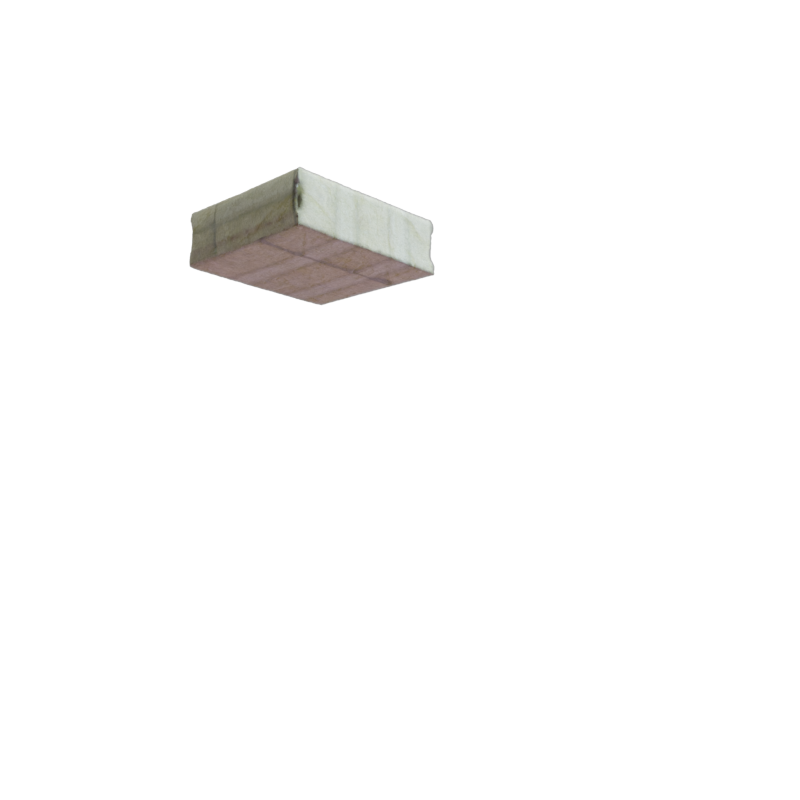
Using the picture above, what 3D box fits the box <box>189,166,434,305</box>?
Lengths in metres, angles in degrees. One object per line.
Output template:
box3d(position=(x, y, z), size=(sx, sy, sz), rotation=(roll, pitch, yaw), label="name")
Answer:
box3d(position=(-0.040, -0.072, 0.507), size=(0.074, 0.031, 0.084), rotation=(-13, -19, 42), label="box")
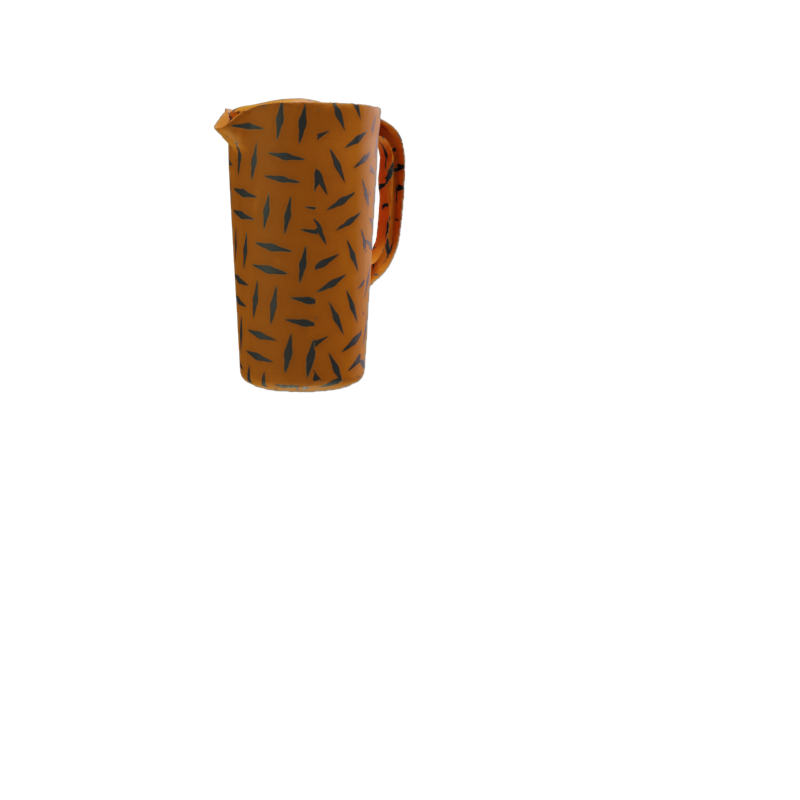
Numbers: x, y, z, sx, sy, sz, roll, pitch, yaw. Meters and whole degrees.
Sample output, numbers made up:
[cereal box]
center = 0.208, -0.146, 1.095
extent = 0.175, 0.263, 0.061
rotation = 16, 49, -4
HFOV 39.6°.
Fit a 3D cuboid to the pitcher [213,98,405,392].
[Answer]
[pitcher]
center = -0.075, -0.136, 0.955
extent = 0.151, 0.241, 0.145
rotation = 1, 5, 7
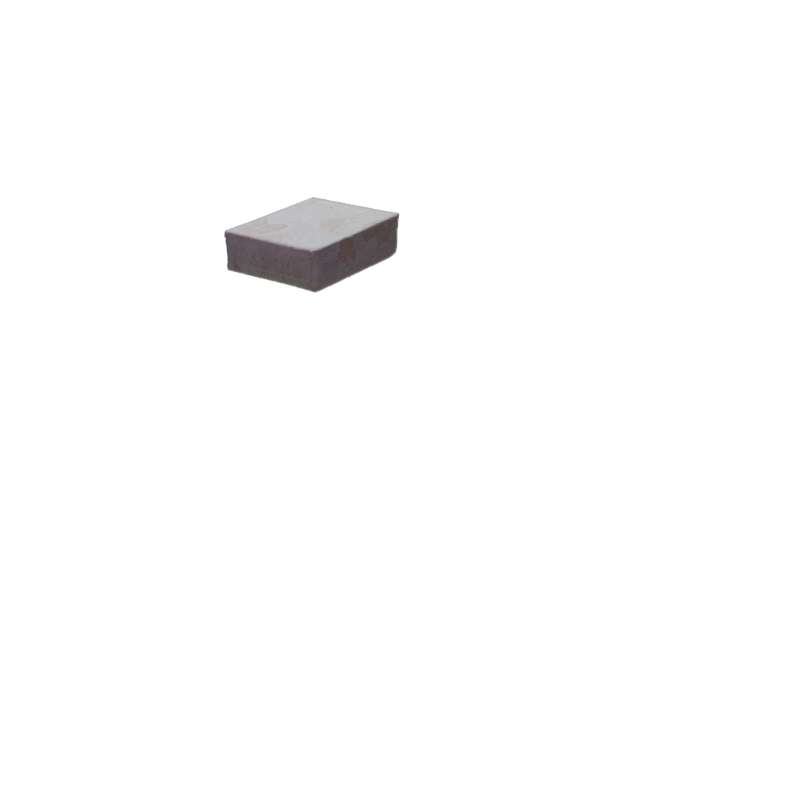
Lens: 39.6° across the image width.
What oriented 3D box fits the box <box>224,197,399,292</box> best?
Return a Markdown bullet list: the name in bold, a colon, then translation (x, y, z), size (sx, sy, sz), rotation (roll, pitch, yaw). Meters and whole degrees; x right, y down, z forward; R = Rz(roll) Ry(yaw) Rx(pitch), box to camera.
- **box**: translation (-0.068, -0.124, 0.870), size (0.095, 0.037, 0.113), rotation (16, 29, 33)
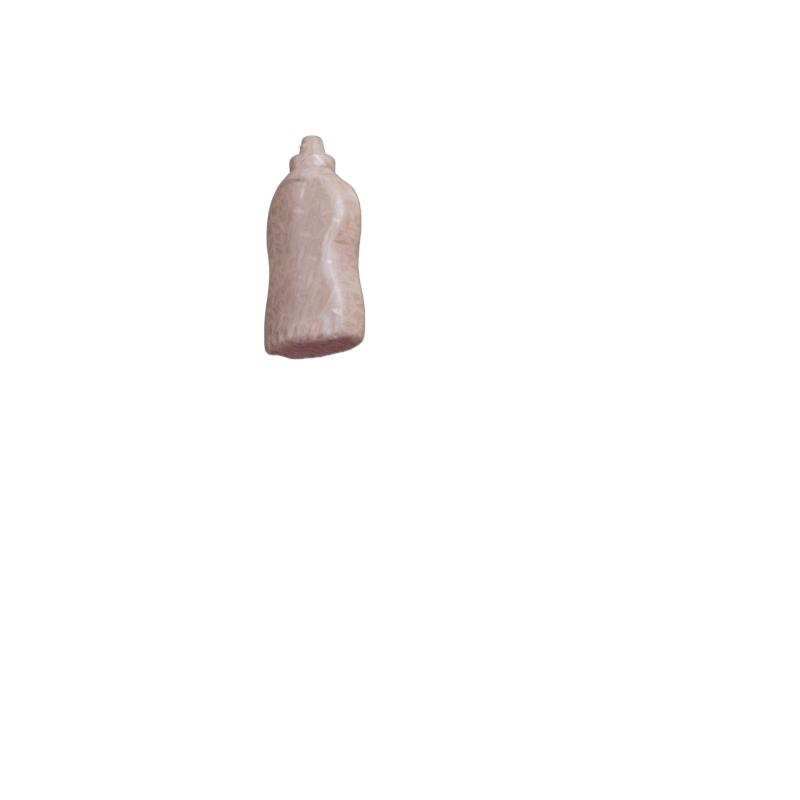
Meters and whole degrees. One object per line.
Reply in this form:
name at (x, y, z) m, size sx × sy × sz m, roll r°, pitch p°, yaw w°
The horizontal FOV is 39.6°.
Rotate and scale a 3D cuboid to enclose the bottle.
bottle at (-0.075, -0.136, 0.954) m, size 0.055 × 0.200 × 0.097 m, roll 15°, pitch -22°, yaw -42°

▶ **THE TASK**
Your reply should be the lines of the records from the start through the line with "HFOV 39.6°.", copied word for word, pictures omitted.

▶ **ANSWER SPACE**
Using the picture above, what 3D box fits the box <box>189,166,434,305</box>?
Lengths in metres, angles in degrees. One object per line.
Output template:
box3d(position=(x, y, z), size=(sx, sy, sz), rotation=(roll, pitch, yaw), label="name")
Answer:
box3d(position=(-0.040, -0.072, 0.507), size=(0.074, 0.031, 0.084), rotation=(-13, -19, 42), label="box")
Numbers: x, y, z, sx, sy, sz, roll, pitch, yaw. Meters and whole degrees.
Sample output, numbers made up:
[cereal box]
center = 0.208, -0.146, 1.095
extent = 0.175, 0.263, 0.061
rotation = 16, 49, -4
HFOV 39.6°.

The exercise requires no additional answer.